I'm running a simple test to monitor how long does it take to sort-insert into a list with the bisect library

import numpy as np
import bisect

def get_time(N):
    myl = []
    a = time.time()
    for i in np.arange(N):
        bisect.insort_left(myl, random.randint(0,1000000) )
    b = time.time()
    return (b-a)

So I call this with:

t_dict = {}
for N in [1000,5000,10000,50000,100000,200000,300000,400000,500000]:
    t_dict[N] = get_time(N)

and plot the results:

enter image description here

I would have guessed/hoped that insort would be at max O(nlog(n)).

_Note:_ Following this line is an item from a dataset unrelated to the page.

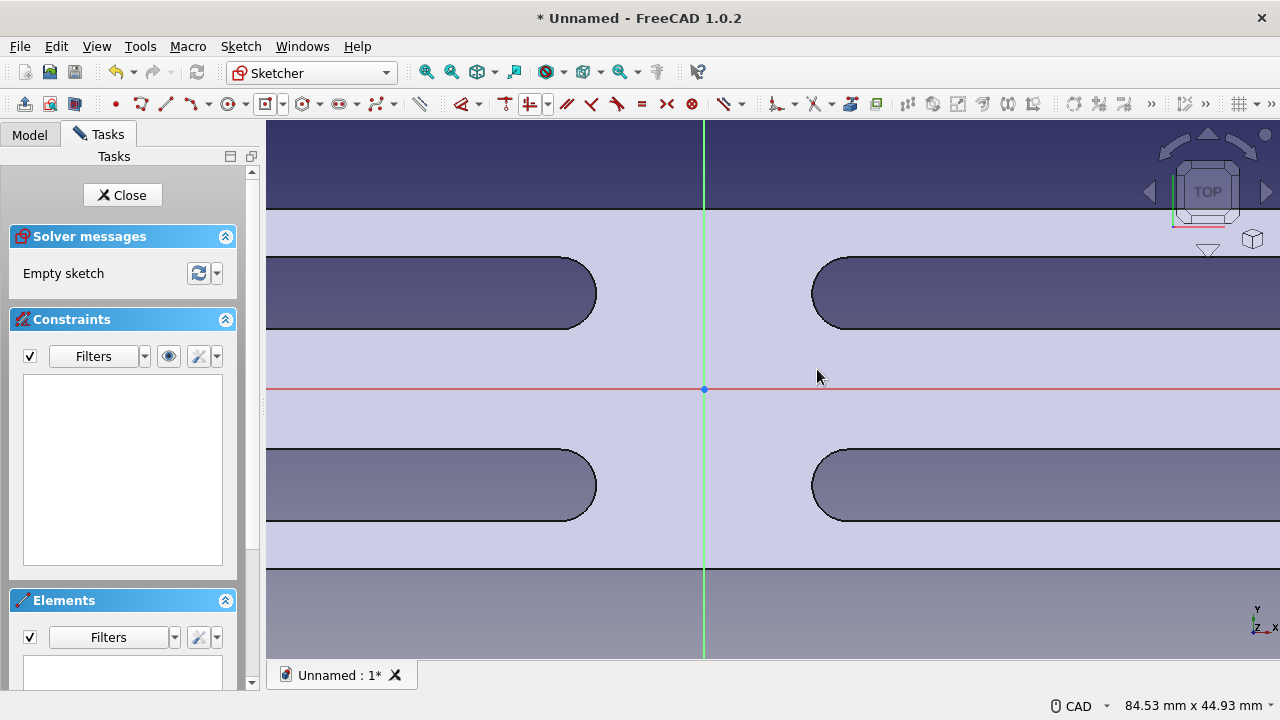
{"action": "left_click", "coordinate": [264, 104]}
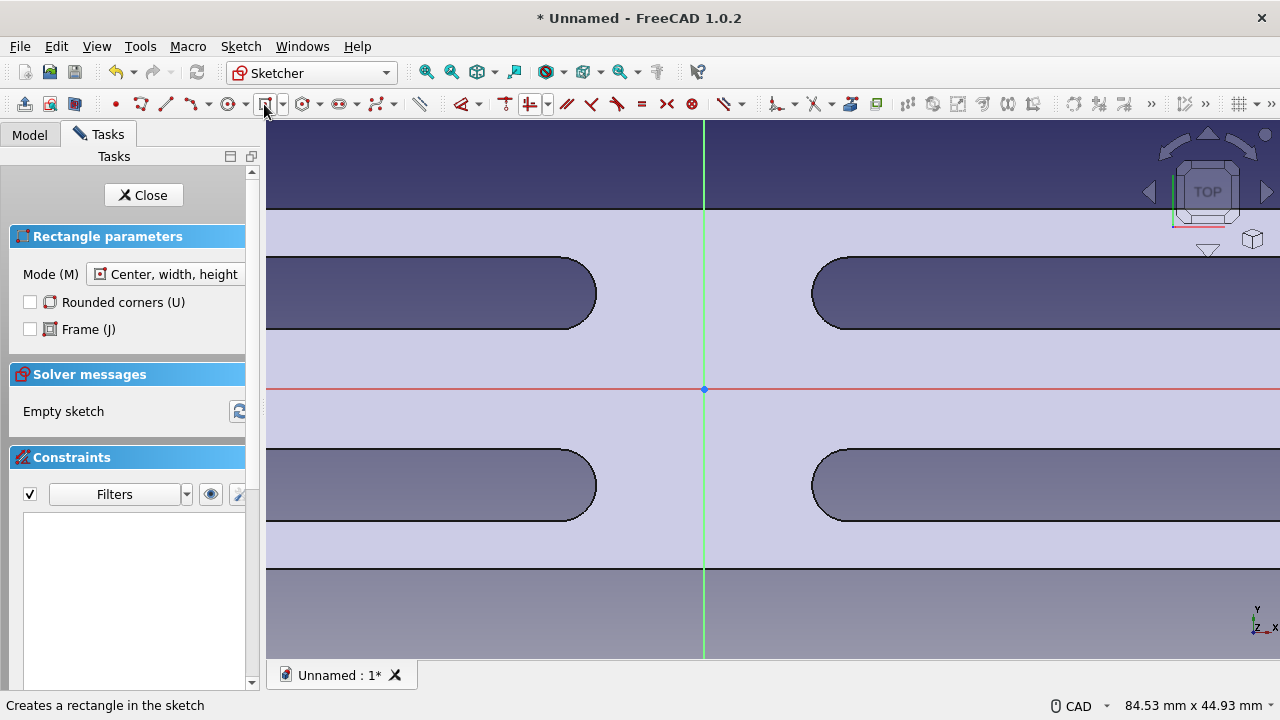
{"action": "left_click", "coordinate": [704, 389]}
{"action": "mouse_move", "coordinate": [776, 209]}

From the documentation, one reads:

"Keep in mind that the O(log n) search is dominated by the slow O(n) insertion step."

What am I missing here?

EDIT: I was missing something extremely obvious. Anyway, I would like to update the question with the same thing using SortedList from the package SortedContainers:

enter image description here

very fast stuff!


Solution

  • bisect is O(logN). However, insertion into a list is O(N). You do that N times.

    From the bisect.insort_left() documentation:

    Keep in mind that the O(log n) search is dominated by the slow O(n) insertion step.

    So insertion is still O(N), the O(logN) search time is (asymptotically speaking) insignificant compared to that. So overall, your timed tests are taking N times O(N) == O(N^2) time.